Within 24 hours, ketamine demonstrated a clinically significant reduction in suicidal thoughts in patients with major depression that was greater than with midazolam. Analysis showed that for the ketamine group, the reduction in SSI score was 4.96 points greater than in the midazolam group (95% CI, 2.33-7.59). The proportion of patients with a 50% or higher reduction in SSI score at day 1 was 55% for the ketamine group and 30% for the midazolam group (OR = 2.85; 95% CI 1.14-7.15.)

“I believe the importance and take-home message of this research is twofold: First, it provides evidence supporting a treatment for rapid relief of suicidal ideation in depressed patients where there has been an absence of any comparable intervention,” Grunebaum told Healio Psychiatry. “Second, it adds to work pointing towards a pathway to develop new antidepressant treatments that act by a novel mechanism and that may help the approximately one-third of patients who don’t respond to currently available antidepressant medications.”

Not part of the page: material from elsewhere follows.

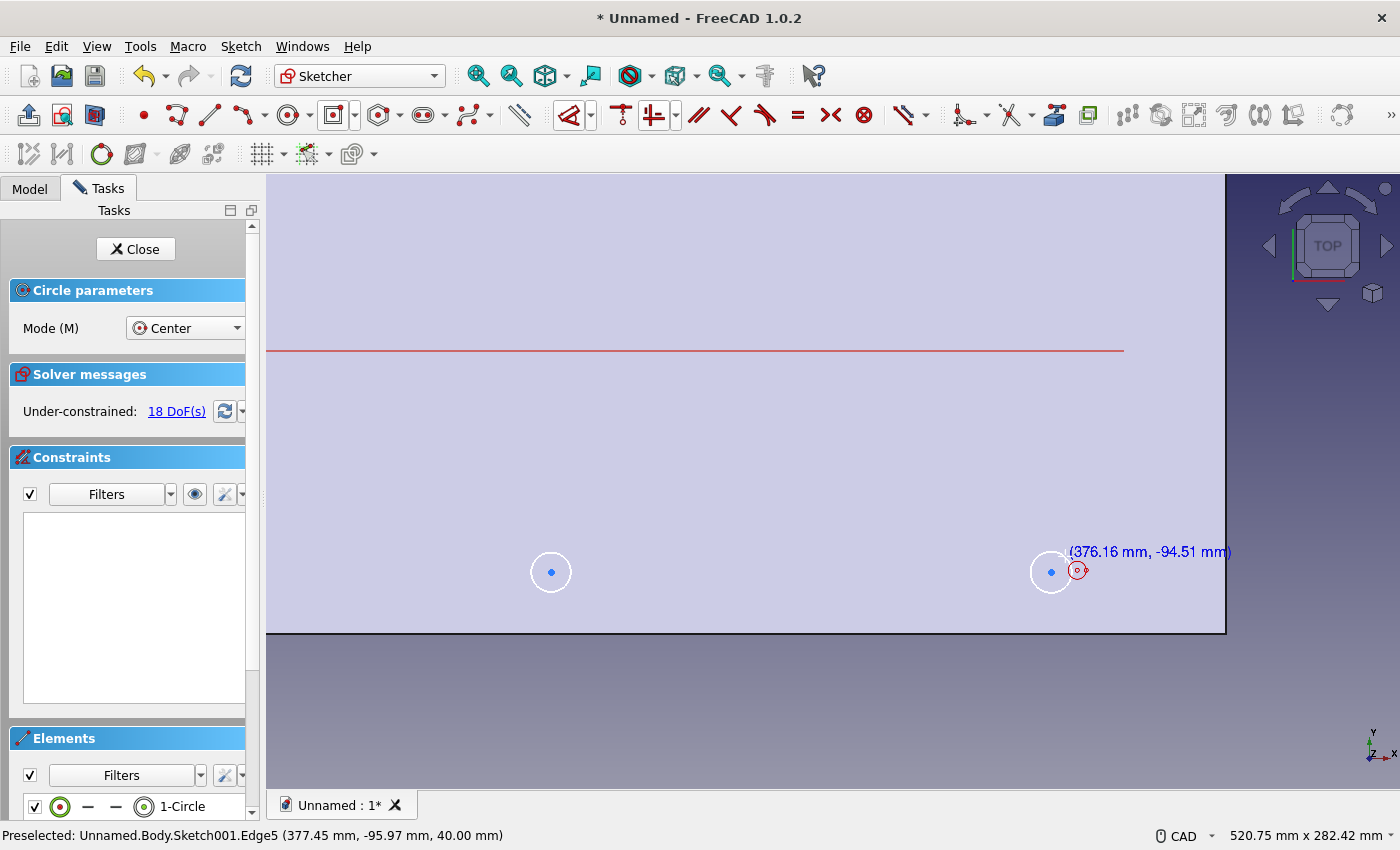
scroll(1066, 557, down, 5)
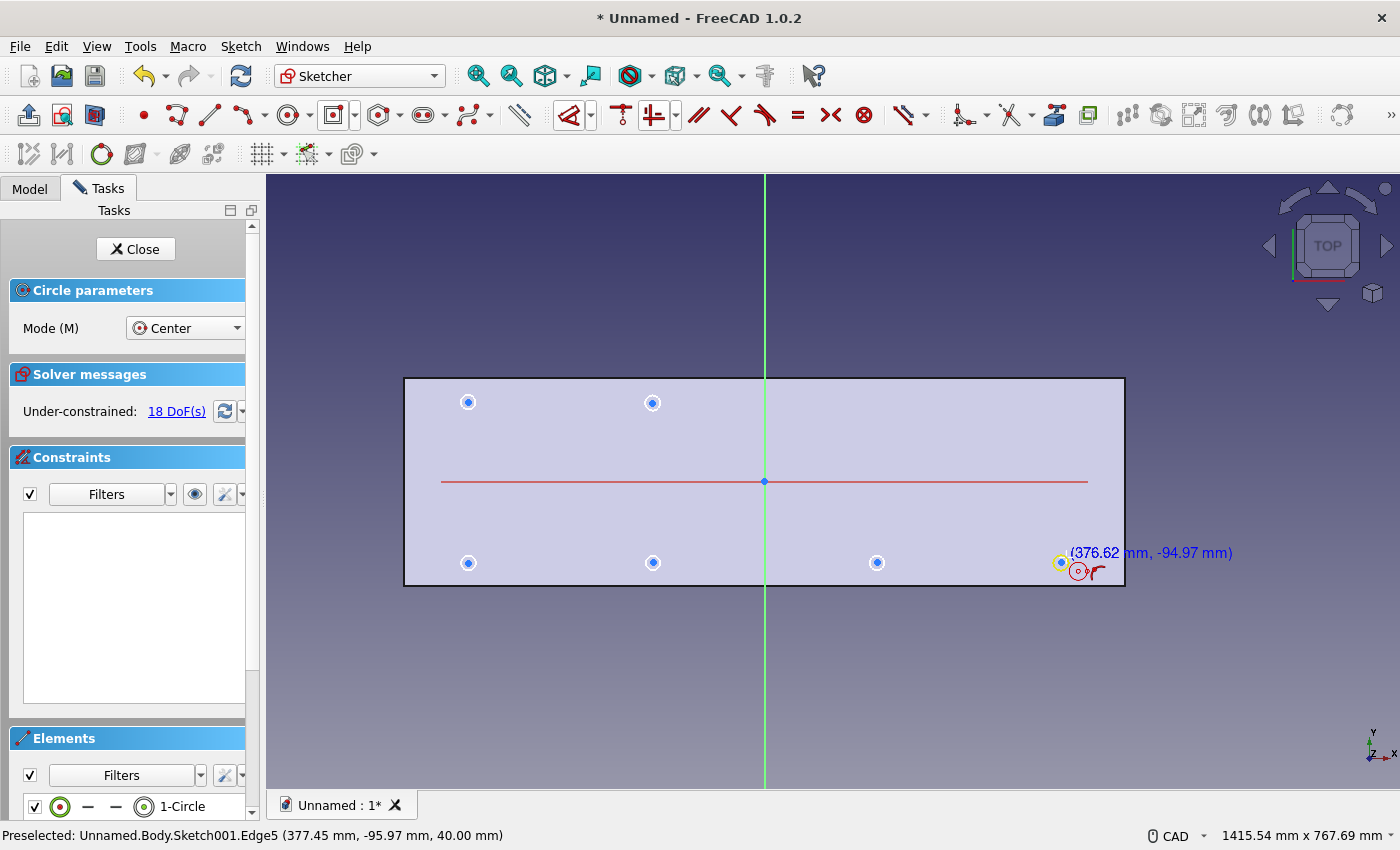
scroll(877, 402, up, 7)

Additionally, those who received ketamine had greater improvement in overall mood, depression and fatigue compared with those assigned to midazolam. Furthermore, patients maintained clinical improvement in suicidal thoughts for up to 6 weeks with additional optimized standard pharmacotherapy in an uncontrolled follow-up. Adverse effects were short-lived and typically resolved within minutes to hours after receiving ketamine.

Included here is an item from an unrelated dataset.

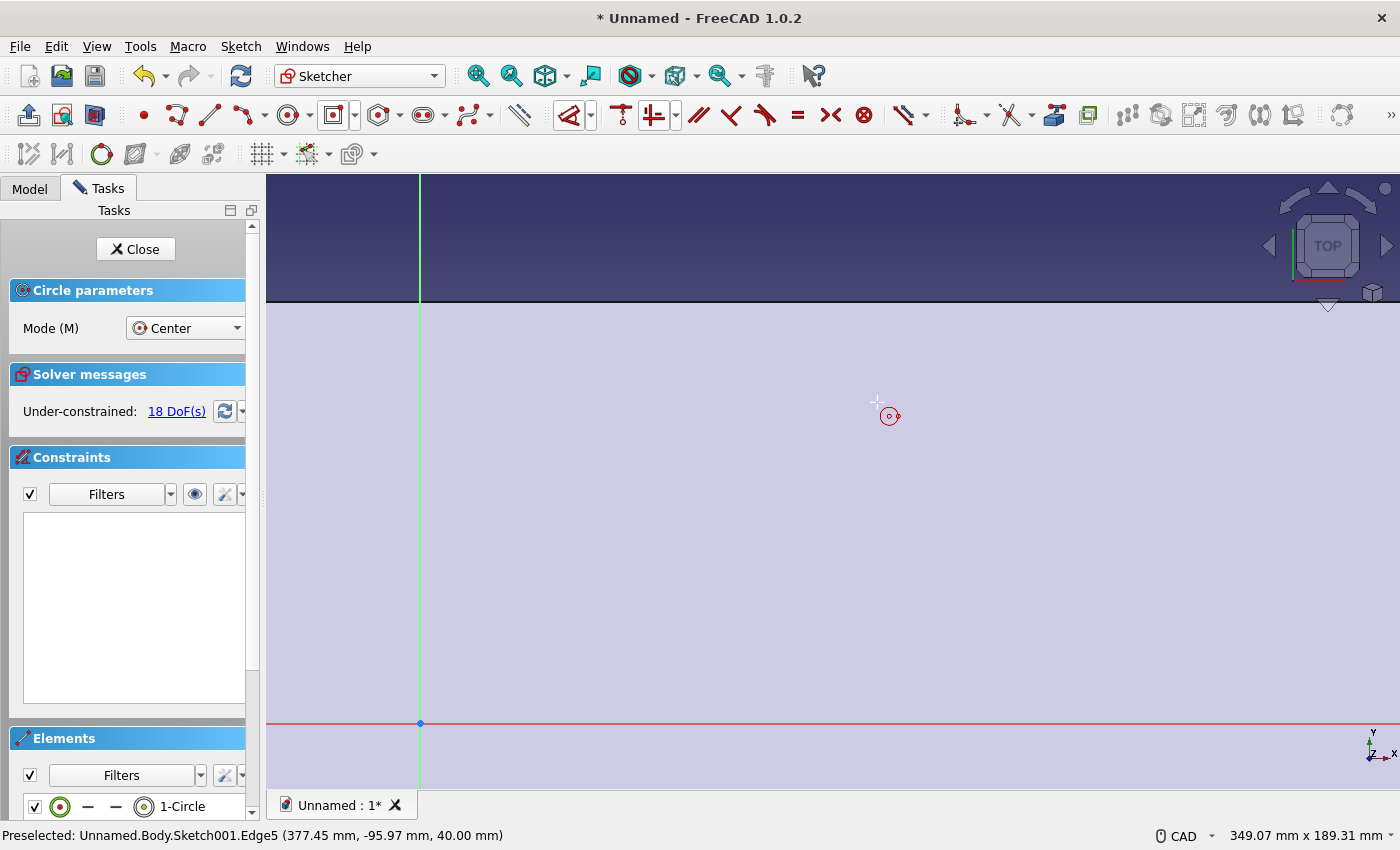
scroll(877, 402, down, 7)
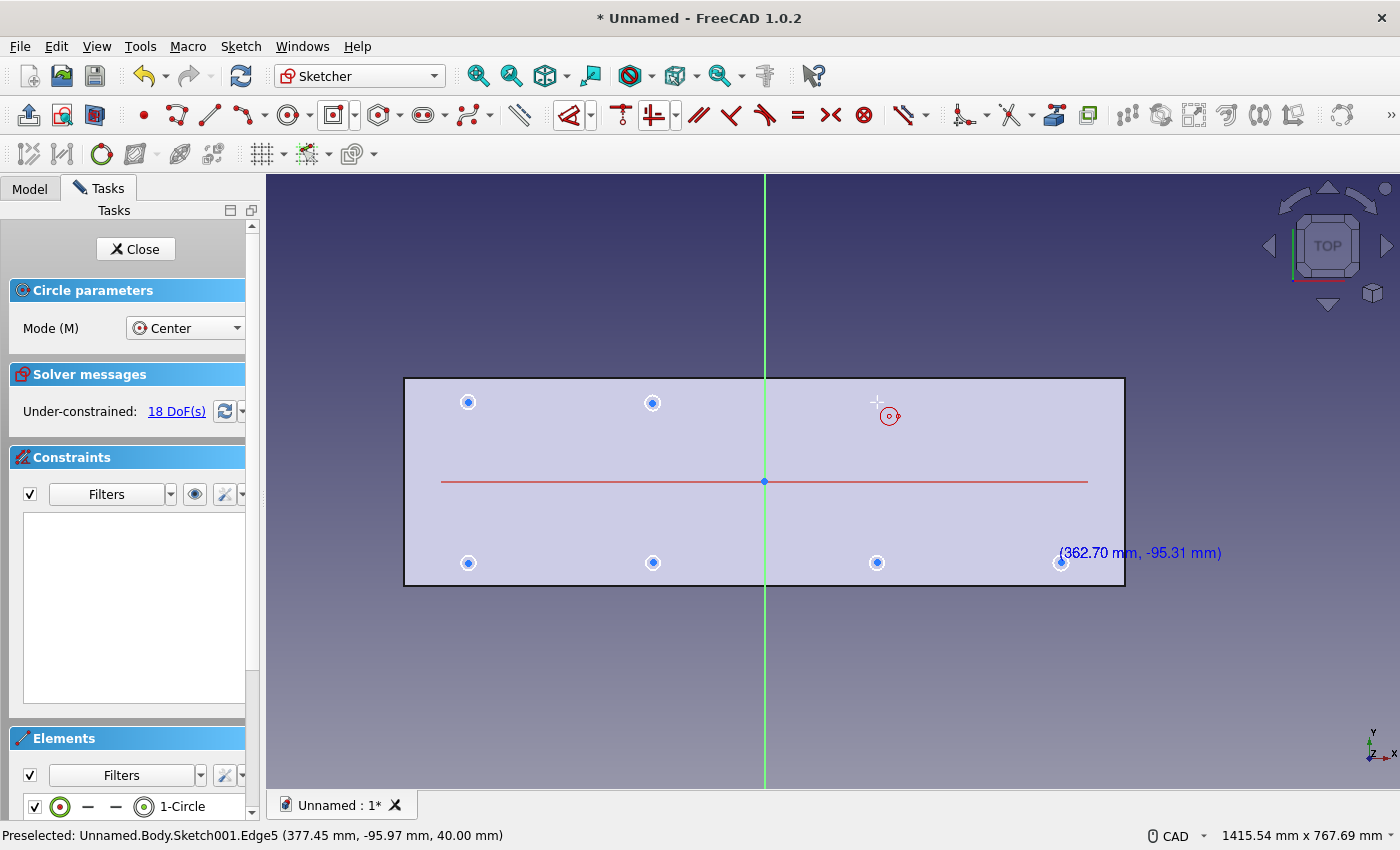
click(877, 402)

"This study shows that ketamine offers promise as a rapidly acting treatment for reducing suicidal thoughts in patients with depression," Grunebaum said in the release. "Additional research to evaluate ketamine's antidepressant and anti-suicidal effects may pave the way for the development of new antidepressant medications that are faster acting and have the potential to help individuals who do not respond to currently available treatments." – by Savannah Demko

Disclosures: Grunebaum reports no relevant financial disclosures. Please see the full study for all other authors’ relevant financial disclosures.